--- Data for this task Enclosed Below ---
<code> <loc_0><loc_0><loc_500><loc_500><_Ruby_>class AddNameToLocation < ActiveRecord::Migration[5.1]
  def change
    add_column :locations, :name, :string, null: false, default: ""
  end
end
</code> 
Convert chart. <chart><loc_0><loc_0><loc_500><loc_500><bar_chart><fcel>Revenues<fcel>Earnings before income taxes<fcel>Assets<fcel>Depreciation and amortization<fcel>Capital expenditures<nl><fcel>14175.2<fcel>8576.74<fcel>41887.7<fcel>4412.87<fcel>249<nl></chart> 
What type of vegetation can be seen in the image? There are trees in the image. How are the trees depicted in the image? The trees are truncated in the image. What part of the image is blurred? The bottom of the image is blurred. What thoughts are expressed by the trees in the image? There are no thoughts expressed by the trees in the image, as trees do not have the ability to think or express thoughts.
--- End of Enclosed Data for this task ---
--- Data for this task Enclosed Below ---
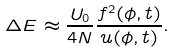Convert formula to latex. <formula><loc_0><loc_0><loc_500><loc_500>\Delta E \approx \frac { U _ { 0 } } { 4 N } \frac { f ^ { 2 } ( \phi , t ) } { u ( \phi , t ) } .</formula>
--- End of Enclosed Data for this task ---
### Your assignment:
Working from the material above, restate word for word the lines between the line with "AddNameToLocation < ActiveRecord::Migration[5.1]" and the line with "What type of", both included, and only those.

### Expected answer:
<code> <loc_0><loc_0><loc_500><loc_500><_Ruby_>class AddNameToLocation < ActiveRecord::Migration[5.1]
  def change
    add_column :locations, :name, :string, null: false, default: ""
  end
end
</code> 
Convert chart. <chart><loc_0><loc_0><loc_500><loc_500><bar_chart><fcel>Revenues<fcel>Earnings before income taxes<fcel>Assets<fcel>Depreciation and amortization<fcel>Capital expenditures<nl><fcel>14175.2<fcel>8576.74<fcel>41887.7<fcel>4412.87<fcel>249<nl></chart> 
What type of vegetation can be seen in the image? There are trees in the image. How are the trees depicted in the image? The trees are truncated in the image. What part of the image is blurred? The bottom of the image is blurred. What thoughts are expressed by the trees in the image? There are no thoughts expressed by the trees in the image, as trees do not have the ability to think or express thoughts.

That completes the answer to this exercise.